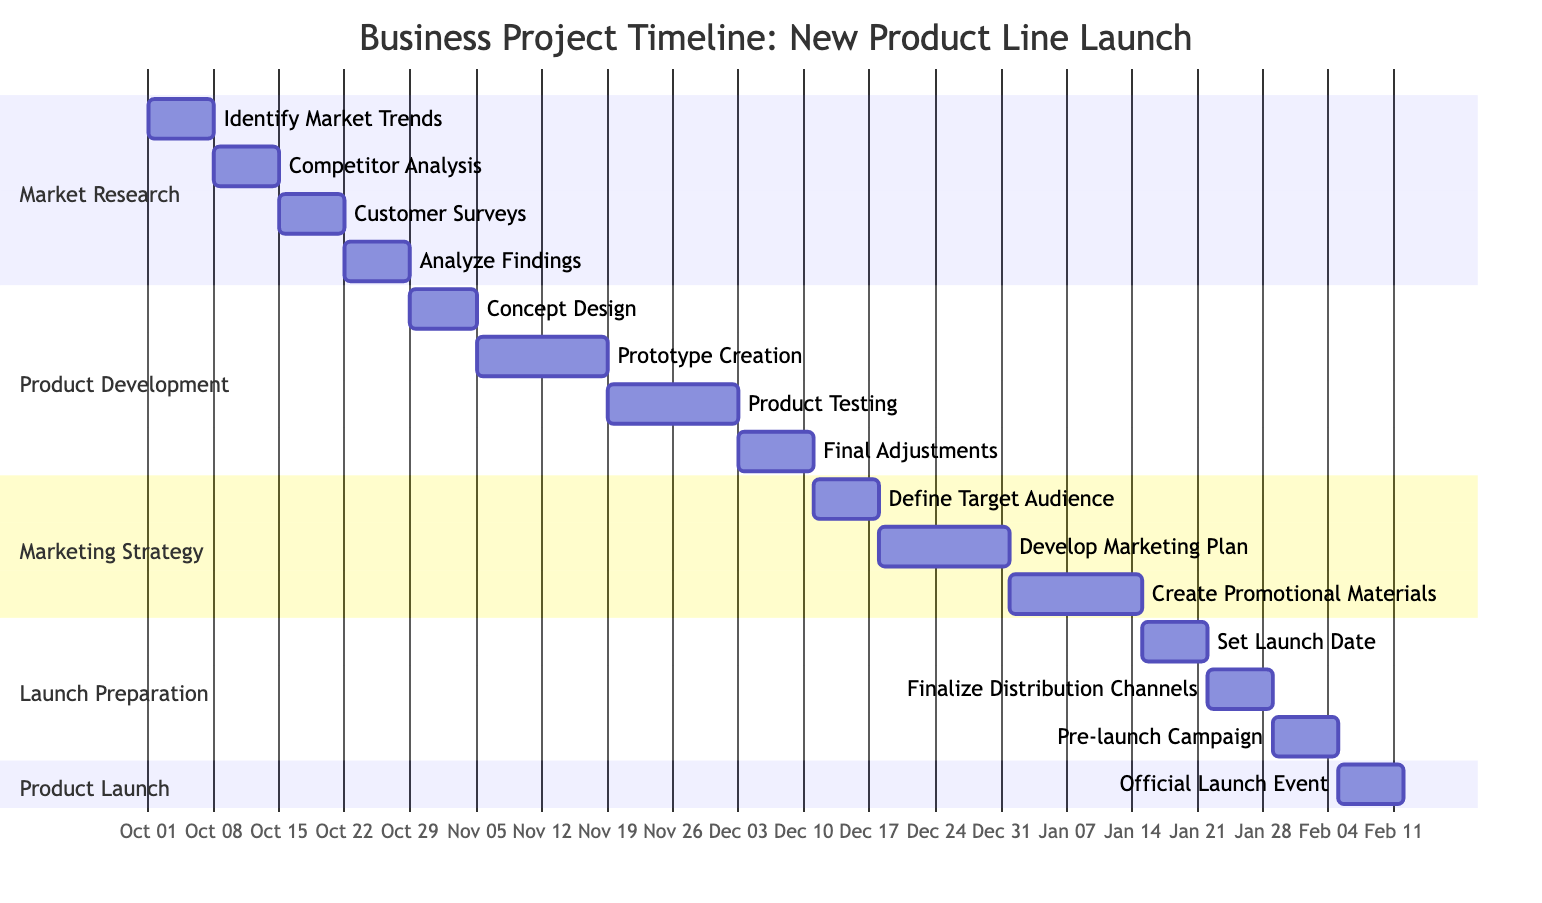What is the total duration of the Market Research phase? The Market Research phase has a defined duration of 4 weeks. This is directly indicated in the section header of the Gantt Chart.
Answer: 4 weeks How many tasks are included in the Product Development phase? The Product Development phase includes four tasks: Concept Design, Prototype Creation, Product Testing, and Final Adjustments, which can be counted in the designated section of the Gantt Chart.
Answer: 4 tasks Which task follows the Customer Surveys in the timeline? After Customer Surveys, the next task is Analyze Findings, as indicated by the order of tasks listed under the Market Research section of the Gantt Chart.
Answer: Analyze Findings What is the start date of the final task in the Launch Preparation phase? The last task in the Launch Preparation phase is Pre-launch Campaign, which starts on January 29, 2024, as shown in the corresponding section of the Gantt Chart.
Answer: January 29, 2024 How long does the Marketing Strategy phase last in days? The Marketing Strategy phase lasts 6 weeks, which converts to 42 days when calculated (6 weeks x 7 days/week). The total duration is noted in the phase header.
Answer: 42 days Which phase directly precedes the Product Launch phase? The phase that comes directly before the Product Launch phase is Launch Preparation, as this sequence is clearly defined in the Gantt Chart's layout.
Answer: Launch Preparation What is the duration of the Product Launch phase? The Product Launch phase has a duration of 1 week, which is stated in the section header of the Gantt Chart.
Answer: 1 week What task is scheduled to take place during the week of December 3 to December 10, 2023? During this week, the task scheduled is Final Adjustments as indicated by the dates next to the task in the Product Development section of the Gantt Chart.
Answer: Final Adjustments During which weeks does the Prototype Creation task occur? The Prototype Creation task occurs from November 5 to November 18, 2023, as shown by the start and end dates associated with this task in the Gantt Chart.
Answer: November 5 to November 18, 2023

==

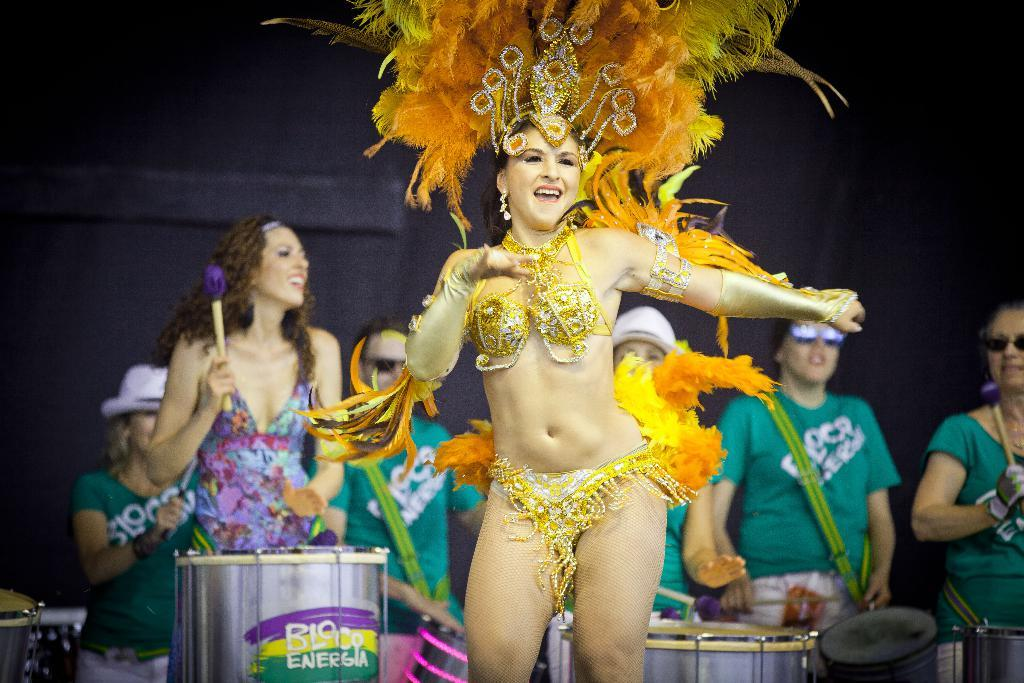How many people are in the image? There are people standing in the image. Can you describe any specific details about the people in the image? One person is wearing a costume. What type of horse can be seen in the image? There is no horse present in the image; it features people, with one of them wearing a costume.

### Activity
Could you restate word for word the lines above, from the one that contains "Answer: 42 days" through the one that contains "Answer: November 5 to November 18, 2023", and no others?

### Response area
Answer: 42 days Which phase directly precedes the Product Launch phase? The phase that comes directly before the Product Launch phase is Launch Preparation, as this sequence is clearly defined in the Gantt Chart's layout.
Answer: Launch Preparation What is the duration of the Product Launch phase? The Product Launch phase has a duration of 1 week, which is stated in the section header of the Gantt Chart.
Answer: 1 week What task is scheduled to take place during the week of December 3 to December 10, 2023? During this week, the task scheduled is Final Adjustments as indicated by the dates next to the task in the Product Development section of the Gantt Chart.
Answer: Final Adjustments During which weeks does the Prototype Creation task occur? The Prototype Creation task occurs from November 5 to November 18, 2023, as shown by the start and end dates associated with this task in the Gantt Chart.
Answer: November 5 to November 18, 2023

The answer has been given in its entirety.